Conventional wisdom has it that the U.S. coal industry peaked a decade ago and is in a state of permanent decline. Recent data would seem to bear this out.
Domestic coal production has dropped from 1.2 billion short tons in 2008 to 739 million last year while employment in coal mining, according to the Bureau of Labor Statistics, has fallen from nearly 180,000 in 1986 to only 50,000 coal miners today — though much of this decline has been caused by automation. What’s more, in 2016 natural gas overtook coal’s share of U.S. power generation while renewables have also gained market share at coal’s expense.
But all is not gloom and doom. Arch Coal and Peabody Energy, America’s two largest coal companies, have exited bankruptcy with much lower operating costs. Production has jumped 38 percent over the past year as natural gas prices have climbed above $3 per MMBtu (million British thermal units) , making coal from the Powder River Basin in Montana and Wyoming competitive with gas almost everywhere in the lower 48 states..
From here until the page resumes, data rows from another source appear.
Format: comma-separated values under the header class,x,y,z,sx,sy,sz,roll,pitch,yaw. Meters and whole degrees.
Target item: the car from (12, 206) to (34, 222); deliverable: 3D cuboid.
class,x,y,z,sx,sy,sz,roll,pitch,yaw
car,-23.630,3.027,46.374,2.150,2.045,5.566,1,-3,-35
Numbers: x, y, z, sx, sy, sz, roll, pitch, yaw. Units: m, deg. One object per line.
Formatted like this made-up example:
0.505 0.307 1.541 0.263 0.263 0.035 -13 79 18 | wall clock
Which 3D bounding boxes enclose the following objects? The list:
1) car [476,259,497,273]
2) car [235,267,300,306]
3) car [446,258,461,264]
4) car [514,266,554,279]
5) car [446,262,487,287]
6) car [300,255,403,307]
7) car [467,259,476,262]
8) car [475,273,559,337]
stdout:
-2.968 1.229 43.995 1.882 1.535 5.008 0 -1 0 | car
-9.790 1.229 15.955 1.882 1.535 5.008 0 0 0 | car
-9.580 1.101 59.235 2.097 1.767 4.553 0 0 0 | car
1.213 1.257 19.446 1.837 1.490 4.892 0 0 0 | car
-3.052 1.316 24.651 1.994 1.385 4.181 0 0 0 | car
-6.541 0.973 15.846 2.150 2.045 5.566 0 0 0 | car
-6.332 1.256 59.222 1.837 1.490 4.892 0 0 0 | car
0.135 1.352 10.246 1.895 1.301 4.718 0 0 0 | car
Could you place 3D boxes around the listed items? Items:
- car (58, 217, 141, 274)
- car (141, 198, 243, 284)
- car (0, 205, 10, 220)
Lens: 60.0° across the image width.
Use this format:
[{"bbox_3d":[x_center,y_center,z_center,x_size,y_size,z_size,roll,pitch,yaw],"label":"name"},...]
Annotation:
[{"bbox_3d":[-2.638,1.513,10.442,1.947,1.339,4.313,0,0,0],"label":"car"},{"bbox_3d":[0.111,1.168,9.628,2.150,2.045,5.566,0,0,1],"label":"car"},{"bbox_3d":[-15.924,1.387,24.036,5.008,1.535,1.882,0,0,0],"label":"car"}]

In March, President Donald Trump signed an executive order mandating a review of President Obama’s coal-killing “Clean Power Plan,” thereby granting a “stay of execution” for hundreds of coal- and gas-fired power plants. And though they fell between 2014 and 2016 because of a sluggish global economy and a strong dollar, U.S. coal exports are expected to grow in the years ahead.
The development and deployment of advanced coal technologies that reduce air pollution and carbon dioxide emissions have also brightened the long-term prospects for the industry. For example, pulverized coal combustion and integrated gasification combined cycle systems have been shown to reduce CO2 emissions by 25 percent compared with conventional coal plants. Researchers at MIT and other leading universities are exploring techniques to capture emissions from both coal and natural gas plants and use the carbon to manufacture petrochemicals, plastics and other products.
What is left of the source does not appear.